Now, seriously, would you mind translating it to English so Hebrew-illiterate people like me can understand why Hebrew doesn't use semicolons??? 

thanks


----------



## JLanguage

Phryne said:
			
		

> That's exactly what I was going to say!!
> 
> Now, seriously, would you mind translating it to English so Hebrew-illiterate people like me can understand why Hebrew doesn't use semicolons???
> 
> thanks


 
First of all, I meant to post this in the "Other Languages" forum. Second of all, what I wrote in Hebrew is the same as the title. Here's the translation:

Why doesn't Hebrew use semicolons?

Thanks in advance,
-Jonathan/


----------



## jdotjdot89

I realize this post is insanely old, but for future readers out there--Hebrew does, in fact, use semicolons at times.


----------



## spinetta

jdotjdot89 said:


> I realize this post is insanely old, but for future readers out there--Hebrew does, in fact, use semicolons at times.



Can I assume you're referring to modern Hebrew?
Would (could) you please give indications about the correct use of semicolons in Hebrew?


----------



## scriptum

JLanguage said:


> Why doesn't Hebrew use semicolons?


Excuse me, but WHO said it doesn't?


----------



## kopo

I think the source of concern is the lack of a semicolon on the standard Hebrew keyboard layout.


----------



## scriptum

It's on the left, just under the Escape key.


----------



## Ensign_Sulu

Here's one Israeli writer who uses semicolons: http://www.milayomit.co.il/pesaq

He/she also follows the American punctuation conventions vis-a-vis quotations which, together with the semicolon business, leads me to suspect a non-native Israeli background.

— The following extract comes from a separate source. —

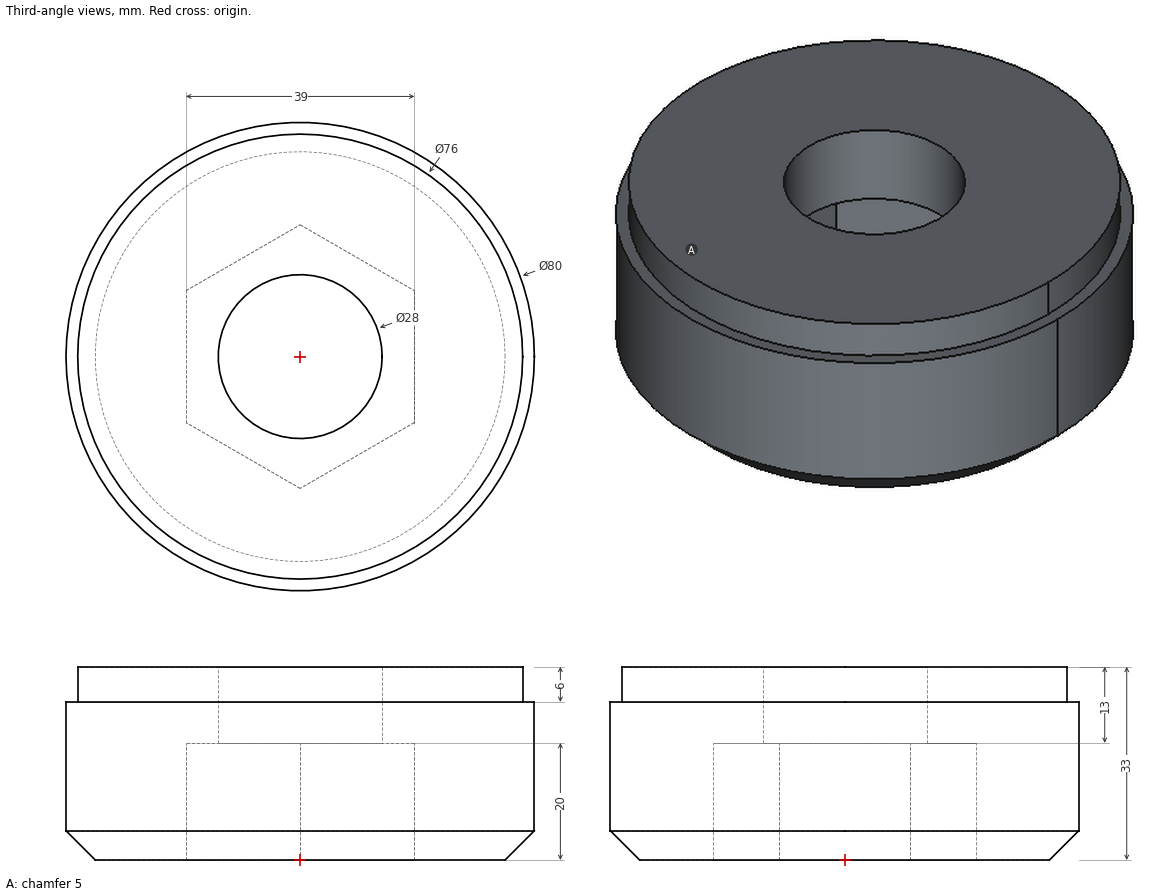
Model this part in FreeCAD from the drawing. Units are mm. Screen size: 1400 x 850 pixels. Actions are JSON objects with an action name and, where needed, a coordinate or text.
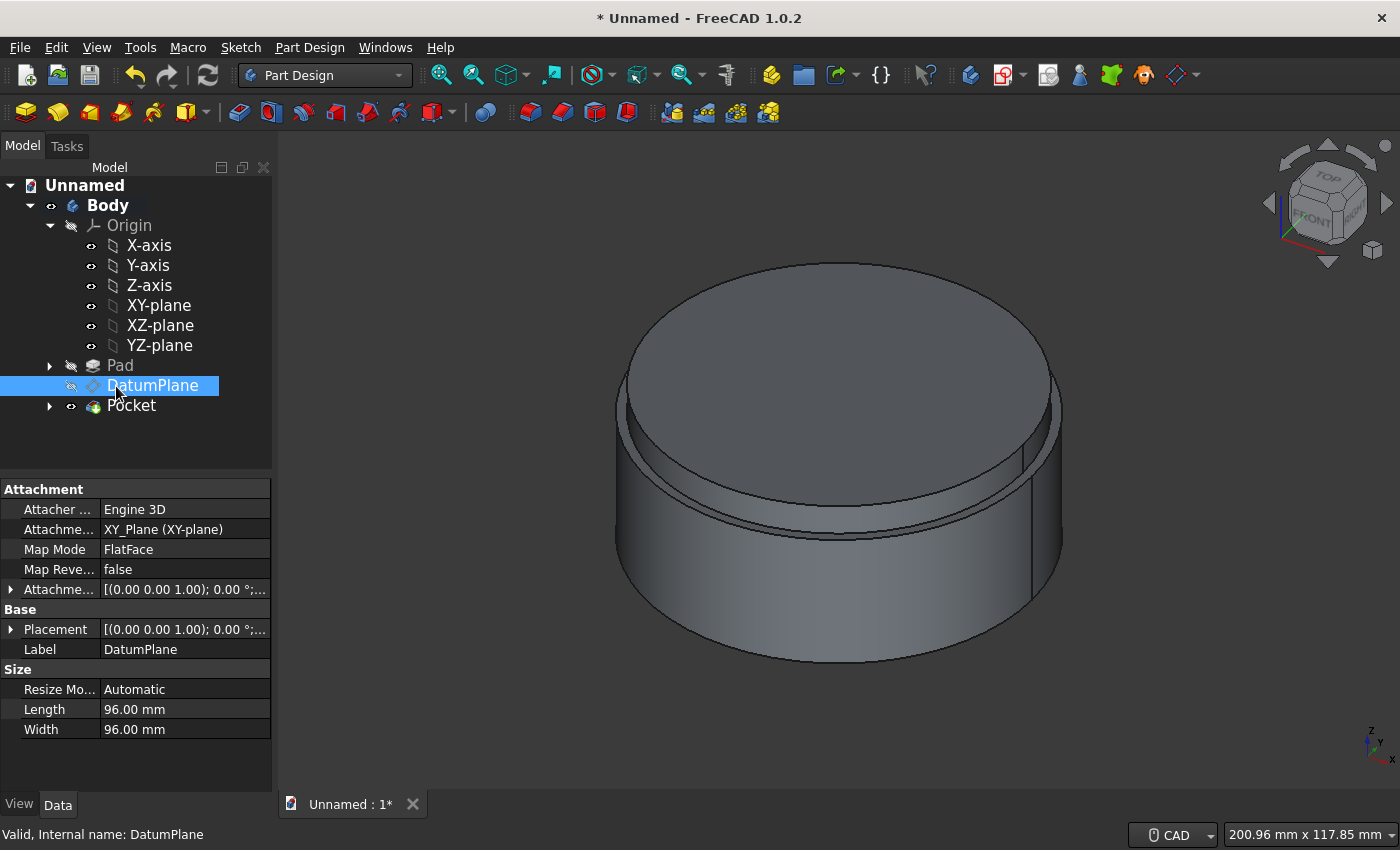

Generally, though, it's probably something to be thankful for that Israelis don't use semicolons. The way some of them use the em dash drives me crazy. Also the way they surround everything ironic or metaphoric with scare quotes. Then there are the commas that appear before the verb and before relative clauses when there's need for them....


----------